__DATA__.
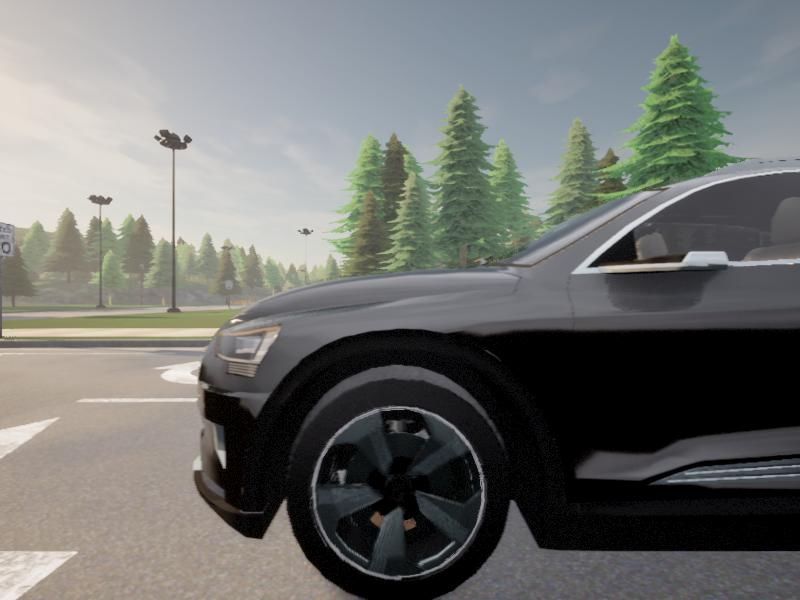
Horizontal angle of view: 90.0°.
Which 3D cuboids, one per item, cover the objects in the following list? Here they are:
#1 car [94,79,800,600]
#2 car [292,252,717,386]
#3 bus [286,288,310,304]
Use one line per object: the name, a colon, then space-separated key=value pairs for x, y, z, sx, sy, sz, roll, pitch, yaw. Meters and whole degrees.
car: x=1.510 y=0.179 z=2.233 sx=4.856 sy=1.649 sz=2.033 roll=0 pitch=0 yaw=0
car: x=1.220 y=0.223 z=5.708 sx=4.974 sy=1.542 sz=2.038 roll=0 pitch=0 yaw=0
bus: x=-28.312 y=-1.119 z=111.349 sx=3.944 sy=4.253 sz=10.273 roll=0 pitch=0 yaw=1
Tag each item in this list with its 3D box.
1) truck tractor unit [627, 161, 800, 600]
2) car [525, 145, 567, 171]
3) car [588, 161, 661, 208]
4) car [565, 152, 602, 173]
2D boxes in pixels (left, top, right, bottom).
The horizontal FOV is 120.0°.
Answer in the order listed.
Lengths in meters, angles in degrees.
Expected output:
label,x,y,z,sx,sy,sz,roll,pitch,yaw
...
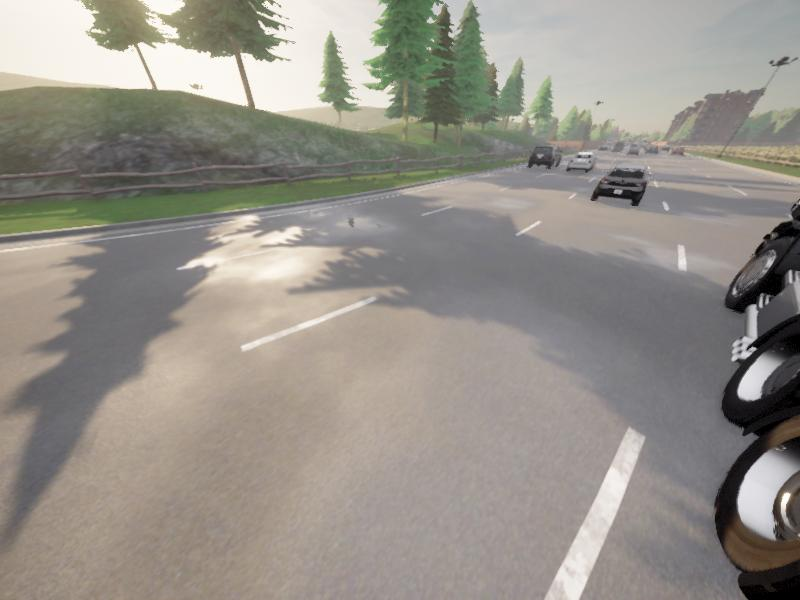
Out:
label,x,y,z,sx,sy,sz,roll,pitch,yaw
truck tractor unit,4.927,-0.449,1.011,6.516,4.208,3.053,-25,42,-32
car,15.492,-15.165,24.447,2.150,2.045,5.566,26,42,32
car,10.881,-5.778,11.239,1.816,1.474,4.193,26,42,33
car,17.637,-13.300,22.230,1.970,1.475,3.806,26,42,32
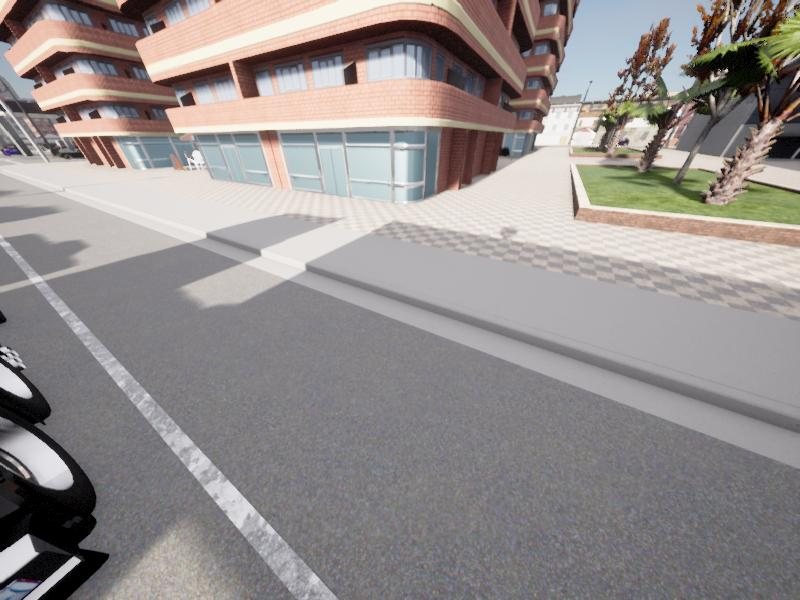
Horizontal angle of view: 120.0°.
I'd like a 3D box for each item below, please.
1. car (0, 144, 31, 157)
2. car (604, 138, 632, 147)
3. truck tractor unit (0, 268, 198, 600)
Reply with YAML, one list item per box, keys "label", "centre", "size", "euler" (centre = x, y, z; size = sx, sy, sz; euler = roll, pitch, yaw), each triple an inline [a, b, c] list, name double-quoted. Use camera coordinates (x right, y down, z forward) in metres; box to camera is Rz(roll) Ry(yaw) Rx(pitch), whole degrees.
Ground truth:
- label: "car"
  centre: [-67.466, -26.117, 40.287]
  size: [4.611, 1.667, 2.242]
  euler: [18, 39, 25]
- label: "car"
  centre: [45.154, -32.750, 47.917]
  size: [3.633, 1.501, 1.845]
  euler: [19, 39, 24]
- label: "truck tractor unit"
  centre: [-5.122, -0.288, 0.777]
  size: [6.516, 4.208, 3.053]
  euler: [18, 39, 24]
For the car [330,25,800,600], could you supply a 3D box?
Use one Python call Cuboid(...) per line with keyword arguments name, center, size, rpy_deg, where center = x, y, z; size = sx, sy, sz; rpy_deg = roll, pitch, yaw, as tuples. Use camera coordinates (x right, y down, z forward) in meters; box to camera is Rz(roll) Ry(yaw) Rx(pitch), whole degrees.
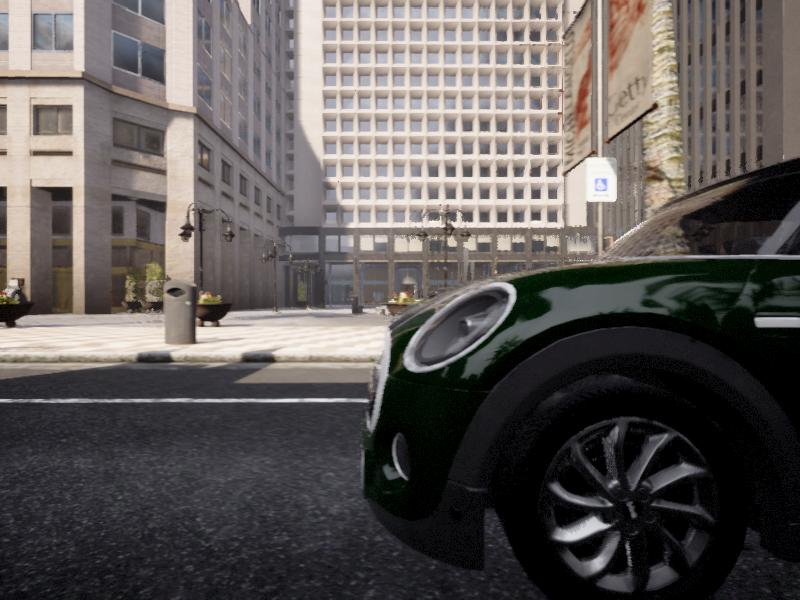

__TASK ITEM__.
Lines above that contain the string "view" make up the answer.

__SOLUTION FOR THIS EXERCISE__.
Horizontal angle of view: 90.0°.
Horizontal angle of view: 120.0°.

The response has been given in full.